You are still hot in my book. I wanna dry hump u like a 9th grader then hump for real when the herpes is gone.
I accidentally told him I've been cheating on him with his brother last night.
How did that happen by accident?
I was drunk and vomited all over him and thought, "maybe he will just stay with me out of pity if I tell him with stomach acid and alcohol all over his crotch." I was wrong.
That girl's pussy is like White Castles, you crave it once in awhile, but you know next morning you regret eating it.
he pretended not to hear me say our safety word. how do you think I feel?

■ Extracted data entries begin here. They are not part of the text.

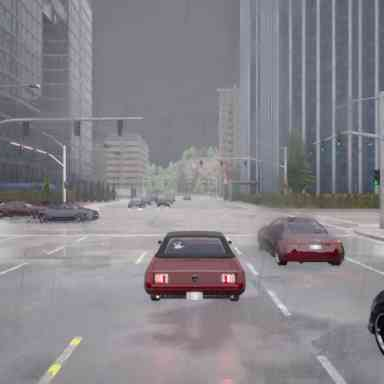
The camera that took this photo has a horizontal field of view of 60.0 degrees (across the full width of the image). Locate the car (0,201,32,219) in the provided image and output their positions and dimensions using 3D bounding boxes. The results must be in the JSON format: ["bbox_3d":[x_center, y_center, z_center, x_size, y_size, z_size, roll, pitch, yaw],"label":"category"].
[{"bbox_3d":[-14.550,1.525,28.442,4.674,1.442,1.812,0,0,-6],"label":"car"}]

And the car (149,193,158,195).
[{"bbox_3d":[-8.006,1.222,67.387,2.150,2.045,5.566,0,0,-1],"label":"car"}]

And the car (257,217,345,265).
[{"bbox_3d":[3.576,1.564,11.627,1.994,1.385,4.181,0,0,0],"label":"car"}]

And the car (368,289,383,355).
[{"bbox_3d":[3.608,1.564,3.216,1.994,1.385,4.181,0,0,-1],"label":"car"}]

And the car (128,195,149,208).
[{"bbox_3d":[-7.796,1.525,47.443,1.812,1.442,4.674,0,0,1],"label":"car"}]

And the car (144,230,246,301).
[{"bbox_3d":[0.070,1.601,8.268,1.895,1.301,4.718,0,0,0],"label":"car"}]

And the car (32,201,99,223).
[{"bbox_3d":[-9.111,1.563,24.683,4.181,1.385,1.994,0,0,0],"label":"car"}]

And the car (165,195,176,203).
[{"bbox_3d":[-4.556,1.524,71.826,2.128,1.511,4.902,0,0,-1],"label":"car"}]

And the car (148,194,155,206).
[{"bbox_3d":[-7.914,1.504,56.697,1.837,1.490,4.892,0,0,-1],"label":"car"}]

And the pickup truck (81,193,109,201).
[{"bbox_3d":[-21.201,1.058,73.315,2.390,2.098,6.274,0,0,30],"label":"pickup truck"}]

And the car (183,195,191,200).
[{"bbox_3d":[-1.300,1.552,88.541,1.994,1.385,4.181,0,0,-1],"label":"car"}]

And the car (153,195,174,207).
[{"bbox_3d":[-4.353,1.547,51.544,2.033,1.411,5.357,0,0,-1],"label":"car"}]
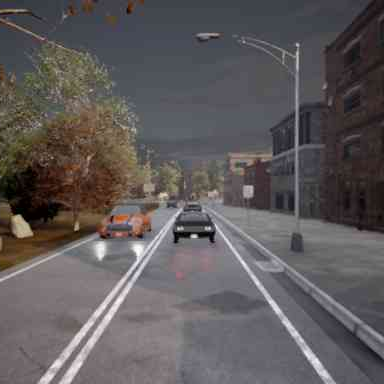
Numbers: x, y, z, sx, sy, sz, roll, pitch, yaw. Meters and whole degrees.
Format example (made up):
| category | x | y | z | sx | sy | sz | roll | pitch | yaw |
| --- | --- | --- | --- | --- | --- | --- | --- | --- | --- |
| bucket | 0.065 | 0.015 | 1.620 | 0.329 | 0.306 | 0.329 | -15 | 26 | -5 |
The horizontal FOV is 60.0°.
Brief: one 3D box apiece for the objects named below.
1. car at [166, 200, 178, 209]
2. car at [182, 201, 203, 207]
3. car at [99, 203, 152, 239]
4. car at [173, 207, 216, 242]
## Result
| category | x | y | z | sx | sy | sz | roll | pitch | yaw |
| --- | --- | --- | --- | --- | --- | --- | --- | --- | --- |
| car | -3.446 | 2.133 | 57.771 | 2.033 | 1.411 | 5.357 | 0 | -1 | 0 |
| car | 0.048 | 1.692 | 34.451 | 1.837 | 1.490 | 4.892 | 0 | -1 | 0 |
| car | -3.361 | 1.385 | 17.540 | 2.097 | 1.767 | 4.553 | 0 | 0 | 0 |
| car | 0.090 | 1.629 | 16.564 | 1.895 | 1.301 | 4.718 | 0 | 0 | 0 |
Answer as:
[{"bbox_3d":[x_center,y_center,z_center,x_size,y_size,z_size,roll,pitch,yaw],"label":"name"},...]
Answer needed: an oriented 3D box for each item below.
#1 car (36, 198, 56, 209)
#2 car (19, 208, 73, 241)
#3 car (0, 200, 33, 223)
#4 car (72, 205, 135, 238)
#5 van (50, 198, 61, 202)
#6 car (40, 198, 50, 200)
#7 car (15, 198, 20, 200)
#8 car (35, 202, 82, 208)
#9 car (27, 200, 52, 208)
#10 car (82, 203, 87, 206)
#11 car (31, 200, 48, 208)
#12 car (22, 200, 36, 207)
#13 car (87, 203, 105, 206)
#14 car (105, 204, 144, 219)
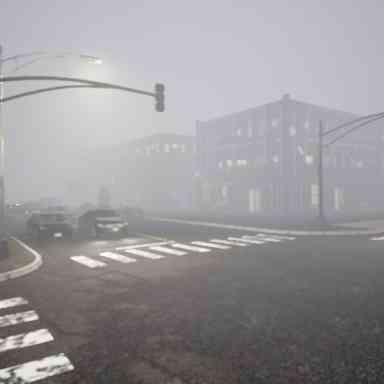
[{"bbox_3d":[-25.130,1.916,57.191,2.192,1.841,5.009,-2,0,-35],"label":"car"},{"bbox_3d":[-7.959,1.808,18.406,1.947,1.339,4.313,-2,0,-35],"label":"car"},{"bbox_3d":[-15.909,1.840,29.782,1.967,1.590,4.097,-2,0,-35],"label":"car"},{"bbox_3d":[-5.280,1.726,19.335,1.812,1.442,4.674,-1,0,-34],"label":"car"},{"bbox_3d":[-21.921,1.884,52.682,1.690,1.788,3.998,-2,0,-35],"label":"van"},{"bbox_3d":[-23.889,2.062,50.999,2.128,1.511,4.902,-1,0,-35],"label":"car"},{"bbox_3d":[-29.917,2.245,59.474,1.994,1.385,4.181,-1,0,-35],"label":"car"},{"bbox_3d":[-11.236,1.866,27.697,2.033,1.411,5.357,-1,0,-36],"label":"car"},{"bbox_3d":[-17.242,1.927,36.156,2.128,1.511,4.902,-1,0,-35],"label":"car"},{"bbox_3d":[-12.287,1.943,39.152,1.802,1.307,4.206,-2,0,-35],"label":"car"},{"bbox_3d":[-28.334,2.204,61.702,1.887,1.381,4.507,-2,0,-35],"label":"car"},{"bbox_3d":[-34.752,2.340,70.722,1.947,1.339,4.313,-2,0,-35],"label":"car"},{"bbox_3d":[-9.079,1.881,34.643,1.802,1.307,4.206,-2,0,-35],"label":"car"},{"bbox_3d":[-5.870,1.787,30.133,2.008,1.369,4.403,-2,0,-35],"label":"car"}]

I fed the cats at 7 am, made her eggs, gave her oral, and now I'm helping her clean and baking her brownies. Cosmos got nothing on me.

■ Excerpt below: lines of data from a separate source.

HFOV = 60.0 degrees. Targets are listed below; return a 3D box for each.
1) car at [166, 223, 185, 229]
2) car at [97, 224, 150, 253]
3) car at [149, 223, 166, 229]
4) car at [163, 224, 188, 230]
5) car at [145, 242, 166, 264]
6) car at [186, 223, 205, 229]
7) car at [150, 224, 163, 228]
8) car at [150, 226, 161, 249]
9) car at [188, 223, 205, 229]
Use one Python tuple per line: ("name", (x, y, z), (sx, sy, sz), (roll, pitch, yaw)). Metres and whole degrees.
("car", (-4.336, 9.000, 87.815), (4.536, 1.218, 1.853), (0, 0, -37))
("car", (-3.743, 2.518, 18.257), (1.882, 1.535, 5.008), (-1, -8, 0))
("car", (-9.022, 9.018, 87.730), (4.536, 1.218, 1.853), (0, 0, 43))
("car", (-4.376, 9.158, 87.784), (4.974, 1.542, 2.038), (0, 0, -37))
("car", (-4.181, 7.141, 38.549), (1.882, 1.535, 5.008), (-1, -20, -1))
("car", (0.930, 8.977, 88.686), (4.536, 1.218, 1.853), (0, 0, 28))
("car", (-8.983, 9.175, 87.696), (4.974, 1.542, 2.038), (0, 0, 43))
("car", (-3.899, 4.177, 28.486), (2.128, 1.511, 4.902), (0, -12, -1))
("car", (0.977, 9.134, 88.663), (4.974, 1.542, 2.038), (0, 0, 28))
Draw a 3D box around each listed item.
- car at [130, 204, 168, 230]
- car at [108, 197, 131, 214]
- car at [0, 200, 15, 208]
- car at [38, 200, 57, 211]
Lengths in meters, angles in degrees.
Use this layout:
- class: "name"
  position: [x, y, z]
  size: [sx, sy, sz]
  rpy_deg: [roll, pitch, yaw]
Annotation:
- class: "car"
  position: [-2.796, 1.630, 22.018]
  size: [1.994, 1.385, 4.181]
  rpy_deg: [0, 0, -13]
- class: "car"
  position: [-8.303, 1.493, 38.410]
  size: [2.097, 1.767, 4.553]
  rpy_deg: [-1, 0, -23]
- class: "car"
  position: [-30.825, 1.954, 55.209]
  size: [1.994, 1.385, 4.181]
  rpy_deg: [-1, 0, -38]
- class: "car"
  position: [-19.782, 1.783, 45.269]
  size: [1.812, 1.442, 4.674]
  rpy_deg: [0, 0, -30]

Oh my gosh they are following me around the bar
Blow your rape whistle
he spent like 10 minutes trying to convince us that he was throwing up in the bushes on purpose in order to cut weight for wrestling
So who won the naked front yard Olympics last night?
Well my tits are spray painted gold & i have what i think r the Olympic rings shaved in my vag !!!!!!!SO its safe to say i won something ....
When I said tequila slammers would be the death of me, I didn't intend it to be today. Oh god.
I'm sorry I came to your house drunk and fed pizza to your dog.
Nutrition teacher wants anything i eat or drink documented for the week including dancefestopia. Do you know the recommended daily ammount of psylicybin or MDMA?
Guess who's the proud owner of her very own foxtail butt plug!!
Being a fine ass woman in a world full of fuckboys is the realest struggle I've ever known.
Is this really the life I've chosen for myself?
All I know is that I have a black eye and an extra $200 in my wallet. Other than that, clueless.